One of them looked like the Jacob’s Ladder I used to make with a long loop of string laced in and out of the fingers of my two outstretched hands.  One of them could have been a hammock tatted for a hummingbird.  One, draped over the deck railing and onto the bannisters, was a net for flying fish and all of them, all of the dozens of spiderwebs that dangled and hung and cascaded from every corner and edge of the landscape, were constellations, thousands of clear water stars the size of pinheads drawing archers and hunters, dogs and bears, crowns and serpents across the morning sky.

I am often caught up short as I walk outside first thing in the morning.  While I have been encapsulated and cocooned inside my climate-controlled house, the world has been playing.  Animals have danced in the darkness and left behind a wild confusion of footprints.  Hard buds have softened and swollen and opened into flowers.  The sun has silently bleached away the darkness and twisted itself into a tie-dye scarf whipped loose and left to float over the clouds.
But I had never been witness to such a display as this one.  The entire backyard shimmered as the webs swayed almost imperceptibly.  Dew drops, strung like glass beads on filament, trembled in succession, the impish breeze turning them into dominoes.  I pulled my camera put of my pocketbook and began snapping photographs, the rhombuses and trapezoids and wildly scalene triangles in the web designs made obvious by the zoom lens.
Each time I lowered the camera from my face I saw another, more elaborate web beckoning me to come, come see.  And it is only because I heeded the beckoning that I walked up on the most exquisite, the most ethereal, the most splendid web of all.  It stretched all the way across the double French doors that lead on to the deck. It attached to the overhead door frame and the base of a chair sitting nearby.  My arms, curved out and up and over my head, could not contain it.  Unlike many of the others, it was round – not a compass-drawn circle, more like a hand-rolled pie crust – and its sections spread from the center like the spokes on a bicycle tire, delicate and shiny.  Sheltered by the eaves of the house, it was covered in a lighter coat of dew, making its beading sparkle more like opals than diamonds.
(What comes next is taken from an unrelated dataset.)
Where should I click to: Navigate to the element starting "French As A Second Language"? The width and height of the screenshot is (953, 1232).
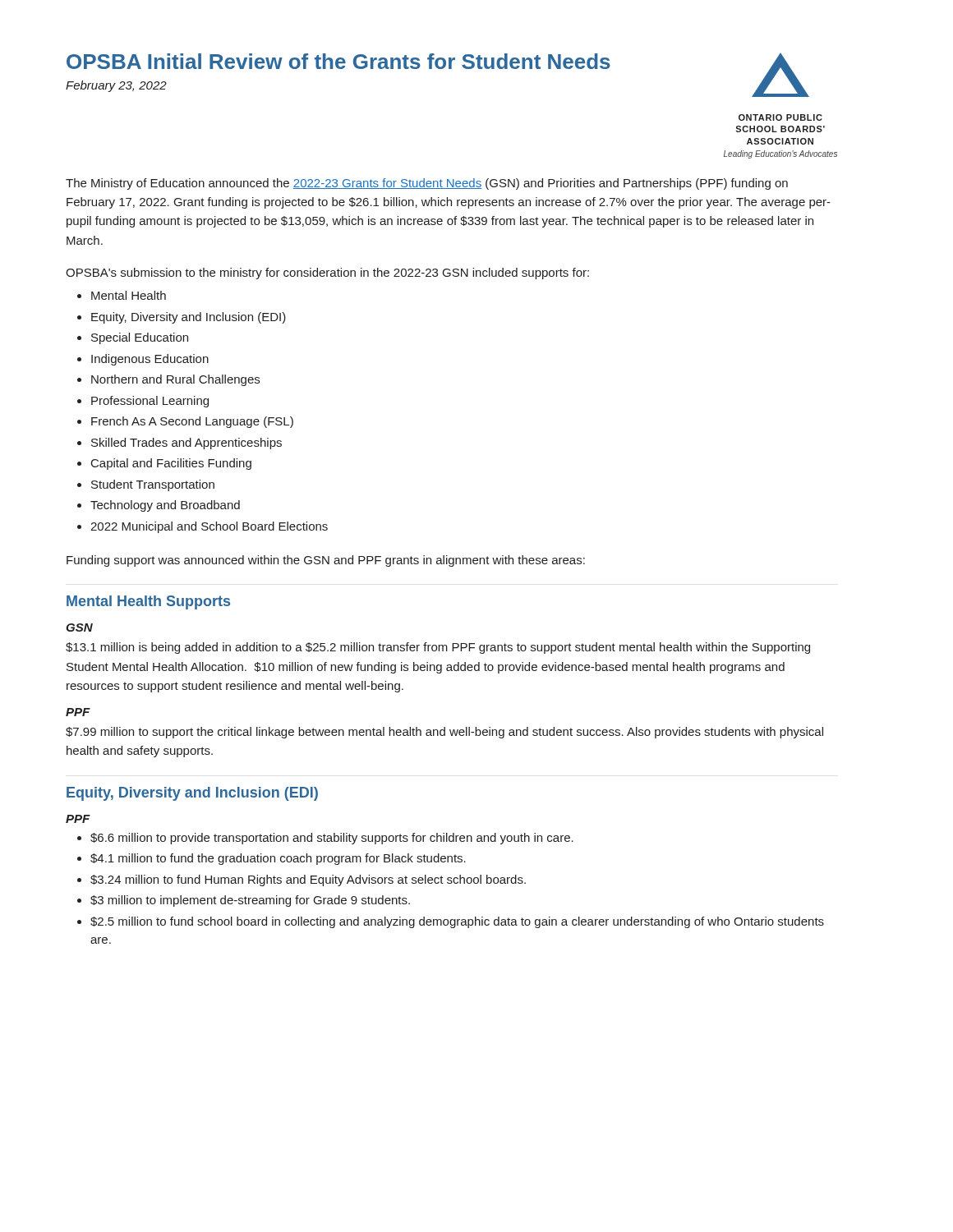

After recording its beauty as best I could with the camera, I stood in the quiet dampness for a few more moments, breathed deeply, and wondered what might have become of the creature that had spun such a web. Then I went to work.
That night, I watched the full moon rise from the study window.  The sky was less than clear, but I thought I could still get a good picture.  I could sit outside and wait for the clouds to drift off. 
The night noise was sucked into a cone of sound surrounding my ears as I opened the door.  The warm moist air fell on my arms like a towel and I stepped out on the deck. Only one step and I remembered the spider web. The exquisite, ethereal, splendid spider web whose delicate strands were now caught in my hair and my eyelashes, stuck to my cheeks and my chest, hanging in sticky strings from my arms and legs.
For a moment I forgot the moon.  I turned to face what was left of the transparent tapestry that had so enthralled me just a few hours earlier.  The tender tension was gone; long loops of gossamer hung limp in the darkness. The symmetry was destroyed, the delicate balance gone. “I’m so sorry,” I said over and over.  “I’m just so sorry.” I can’t be sure whether I was apologizing to the long-gone spider or to myself.
I brushed the silky threads from my face and, in my repentance, felt the truth of the moment settle over my head: That which is beautiful, which took such effort and love to produce, is easy to forget if one becomes preoccupied with searching for the next beautiful thing.  And perhaps it is in abandoning the exhausting search that beauty in all its forms finds its way to one’s door.
Patience with each.  Each in its own time.  Time for all.